Einstein basò la sua teoria dellarelatività ristretta su due presupposti: il principio direlatività di Galileo e la costanza della velocità della luce. Come sostiene Andrzej Dragan, il primo principio è fondamentale, il quale presuppone che in ogni sistema inerziale le leggi della fisica siano le stesse e tutti gli osservatori inerziali siano uguali.
Tipicamente, questo principio si applica agli osservatori che si muovono l’uno rispetto all’altro a velocità inferiori alla velocità della luce (c). Tuttavia, non vi è alcuna ragione fondamentale per cui gli osservatori che si muovono in relazione ai sistemi fisici descritti con velocità superiori alla velocità della luce non dovrebbero esserne soggetti, sostiene Dragan.
Cosa succede quando assumiamo – almeno teoricamente – che il mondo possa essere osservabile da quadri di riferimento superluminali? C’è la possibilità che ciò consenta l’incorporazione dei principi di base della meccanica quantistica nella teoria della relativitàristretta. Questa ipotesi rivoluzionaria del professor Andrzej Dragan e del professor Artur Ekert dell’Università di Oxford è stata presentata per la prima volta due anni fa.
Lì hanno considerato il caso semplificato di entrambe le famiglie di osservatori in uno spazio-tempo costituito da due dimensioni: una spaziale e una temporale. Nella loro ultima pubblicazione “Relatività degli osservatori superluminali nello spaziotempo 1 + 3”, un gruppo di 5 fisici ha fatto un ulteriore passo avanti, presentando conclusioni sull’intero spaziotempo quadridimensionale. Gli autori sono partiti dal concetto di spazio-tempo corrispondente alla nostra realtà fisica: con tre dimensioni spaziali e una dimensione temporale.
Tuttavia, dal punto di vista dell’osservatore superluminale, solo una dimensione di questo mondo conserva un carattere spaziale, quella lungo la quale le particelle possono muoversi.
“Le altre tre dimensioni sono dimensioni temporali”, ha spiegato il professor AndrzejDragan.

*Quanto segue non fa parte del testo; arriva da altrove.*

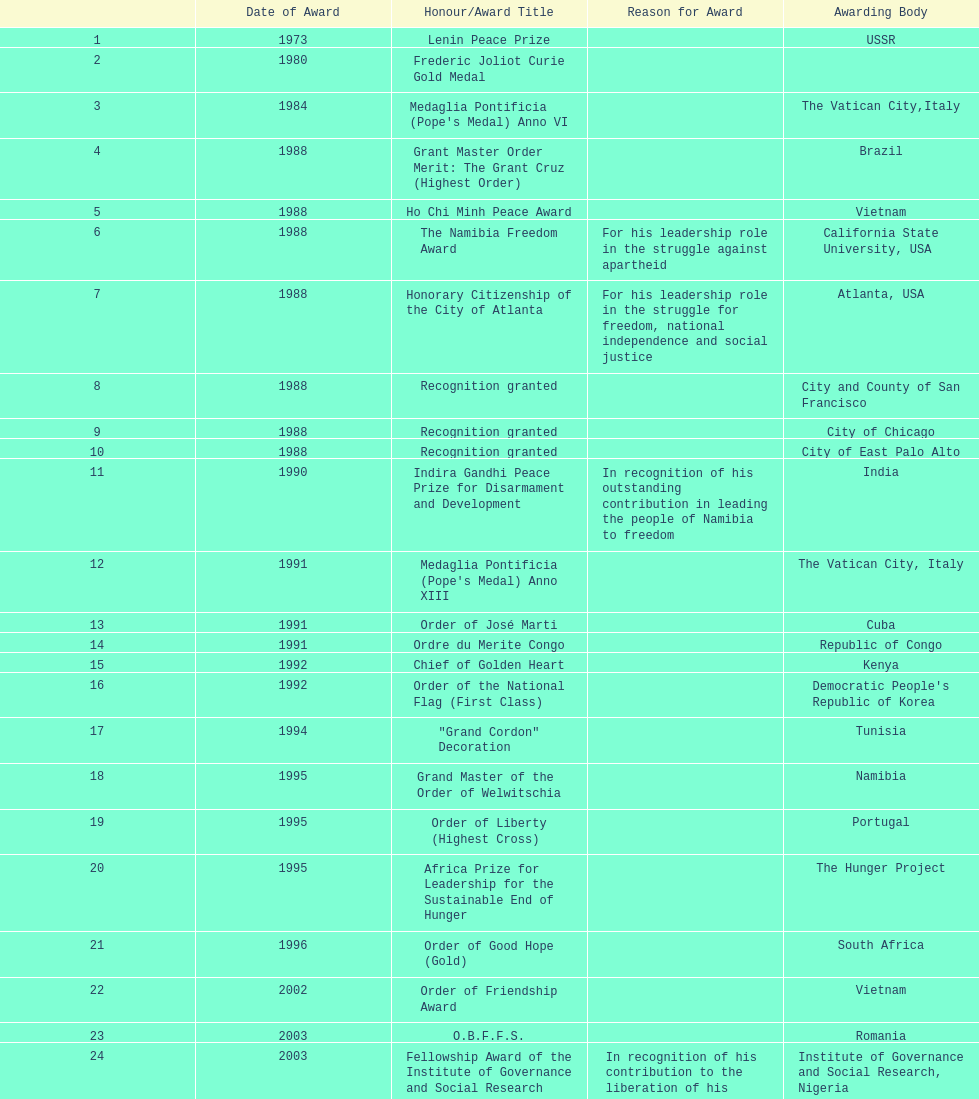What is the disparity between the quantity of awards won in 1988 and the quantity of awards won in 1995? 4.

“Dal punto di vista di un tale osservatore, la particella “invecchia” indipendentemente in ciascuno dei tre tempi. Ma dal nostro punto di vista – mangiatori di pane illuminati – sembra un movimento simultaneo in tutte le direzioni dello spazio, cioè la propagazione di un’onda sferica quantomeccanica associata a una particella”, ha commentato il professor Krzysztof Turzyński, coautore dell’articolo.
Si tratta, come ha spiegato il professor Andrzej Dragan, in accordo con il principio diHuygens formulato già nel XVIII secolo, secondo il quale ogni punto raggiunto da un’onda diventa la sorgente di una nuova onda sferica. Questo principio inizialmente si applicava solo all’onda luminosa, ma la meccanica quantistica ha esteso questo principio a tutte le altre forme di materia.
Come hanno dimostrato gli autori della pubblicazione, l’inclusione di osservatori superluminali nella descrizione richiede la creazione di una nuova definizione di velocità e cinematica. – Questa nuova definizione preserva il postulato di Einstein della costanza della velocità della luce nel vuoto anche per gli osservatori superluminali. “Pertanto, la nostra relatività ristretta estesa non sembra un’idea particolarmente stravagante”, ha aggiunto Dragan.
Come cambia la descrizione del mondo a cui introduciamo gli osservatori superluminali?
Dopo aver preso in considerazione le soluzioni superluminali, il mondo diventa non deterministico, le particelle invece una alla volta iniziano a muoversi lungo molte traiettorie contemporaneamente, secondo il principio quantistico di sovrapposizione.
“Per un osservatore superluminale, la classica particella puntiforme newtoniana cessa di avere senso e il campo diventa l’unica quantità che può essere utilizzata per descrivere il mondo fisico”, ha osservato Andrzej Dragan.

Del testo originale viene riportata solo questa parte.